5.7-magnitude earthquake strikes near Salt Lake City


Knocking out Utah's coronavirus hotline and power to 55,000

SALT LAKE CITY, Utah — In a story on Fox 13 by Emily Shapiro reported Wednesday morning March 18, the earthquake rattled Utah with a 5.7-magnitude tremor near Salt Lake City.

A 5.7-magnitude earthquake struck just outside Salt Lake City, Utah, early Wednesday, knocking out the state's coronavirus hotline, according to Utah’s governor.

Buildings shook along the Wasatch Front as the result of a 5.7 magnitude earthquake, centered four kilometers north-northeast of Magna.

This was the state's largest earthquake since 1992, according to Utah Emergency Management.

Area residents in Bridger Valley reported they felt the quake and one said her water bottle jiggled and the water was bouncing around. In addition, area residents said they tried to find information on the SLC news channels, and the channels were off the air at the time they tried to access them for news of the quake.

Other reports from Bridger Valley follow.

Angie Bullinger Lupher: “I felt it in bed. I thought my dog was scratching his fleas and shaking the bed, but when I looked, both dogs were outside. My necklaces hanging on hooks were swinging and the chains on our ceiling fan we're swaying but that was about it.”

Marybeth N Bryan Hamblin: “I felt it here in Lyman, But at first I thought my kids were trying to wake me up by shaking my bed and rattling my dresser. I was half awake... then when I fully woke up I realized all my kids were in the other room being good and eating breakfast. They didn’t feel anything.

Launa Rasmussen: I live in my 5th Wheel in Urie ,and I thought strong winds was rocking my trailer. I thought I was a little crazy thinking it was an earthquake

Spur KRSV, KDWY & KMER reported “We had listeners this morning as far north as Alpine and Pinedale that reported feeling it.”

According to officials in Utah, there are no official reports of injuries, but the Salt Lake City Airport has been knocked out of operation, officials said.
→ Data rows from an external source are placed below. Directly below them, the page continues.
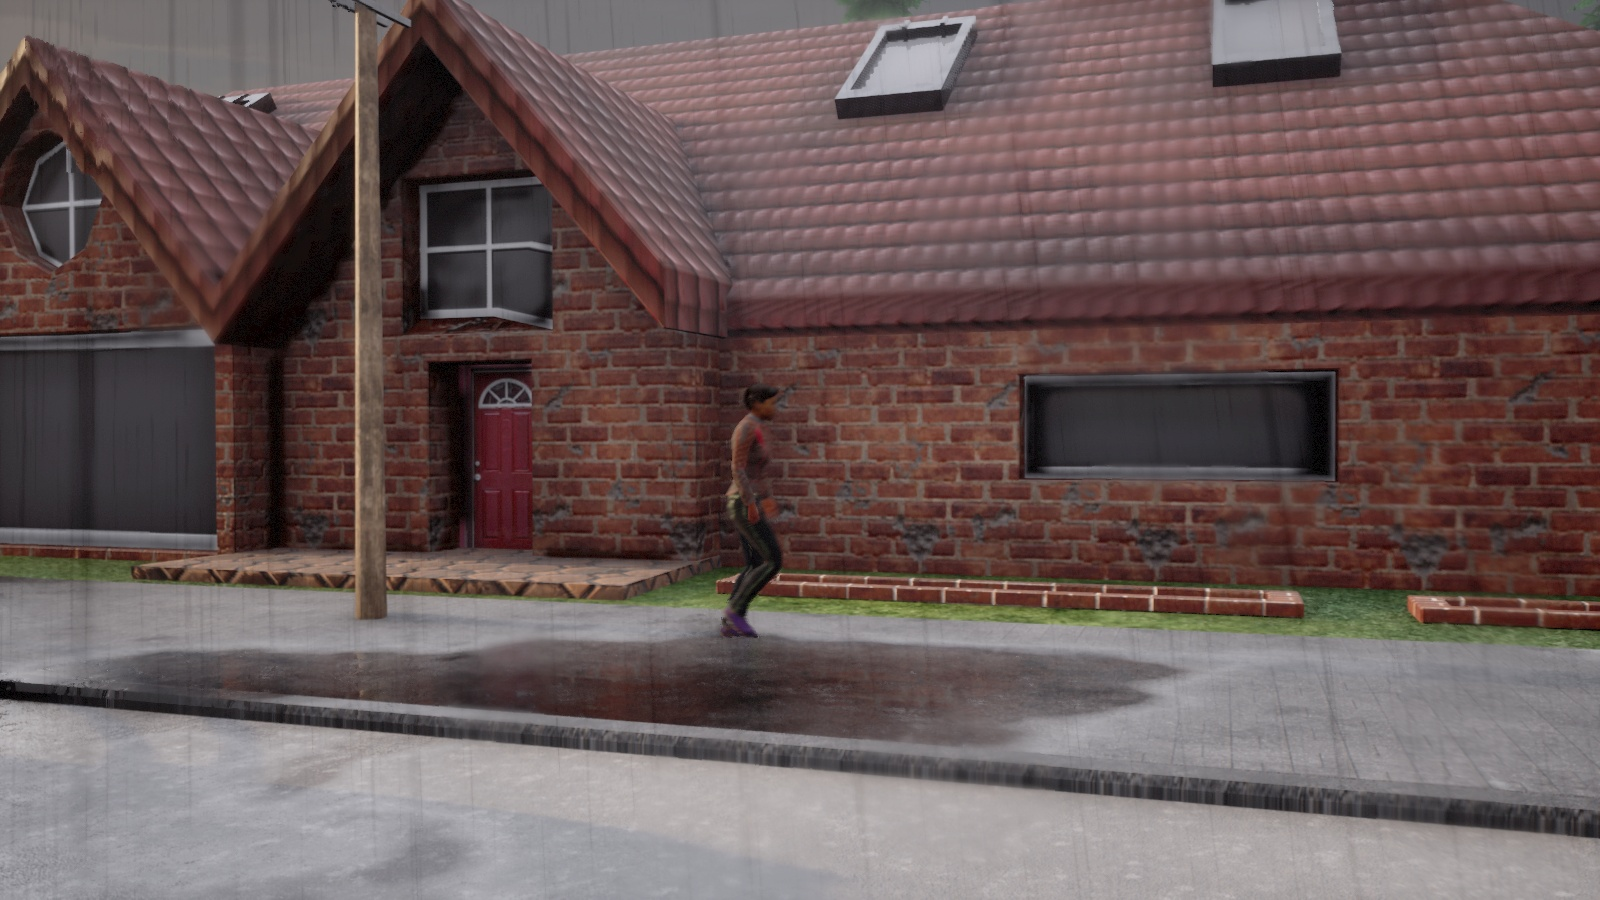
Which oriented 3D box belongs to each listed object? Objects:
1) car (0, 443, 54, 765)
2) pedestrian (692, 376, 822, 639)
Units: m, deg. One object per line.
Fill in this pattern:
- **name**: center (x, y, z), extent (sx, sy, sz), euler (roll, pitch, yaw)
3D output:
- **car**: center (-6.230, 0.706, 5.816), extent (4.792, 1.488, 2.163), euler (1, 1, 19)
- **pedestrian**: center (-0.299, 0.392, 8.836), extent (0.869, 1.805, 0.328), euler (0, 1, 7)

Dr. Scott Williams, a Salt Lake City physician, told ABC News, just after 7 a.m. local time, "my house just started shaking fairly violently. And my first thought was, 'has a truck gone off the road and is coming into my house?'"

"It lasted about 15, 20 seconds, shaking pretty hard," he said. "Then I felt swaying for about another 15 seconds."

ESPN reporter Holly Rowe tweeted that she was "shaken out of sound sleep" by the quake.

Power was knocked out to 55,000 customers, including at the ABC Salt Lake affiliate KTVX studio, where anchor Brian Carlson said he felt over 20 aftershocks.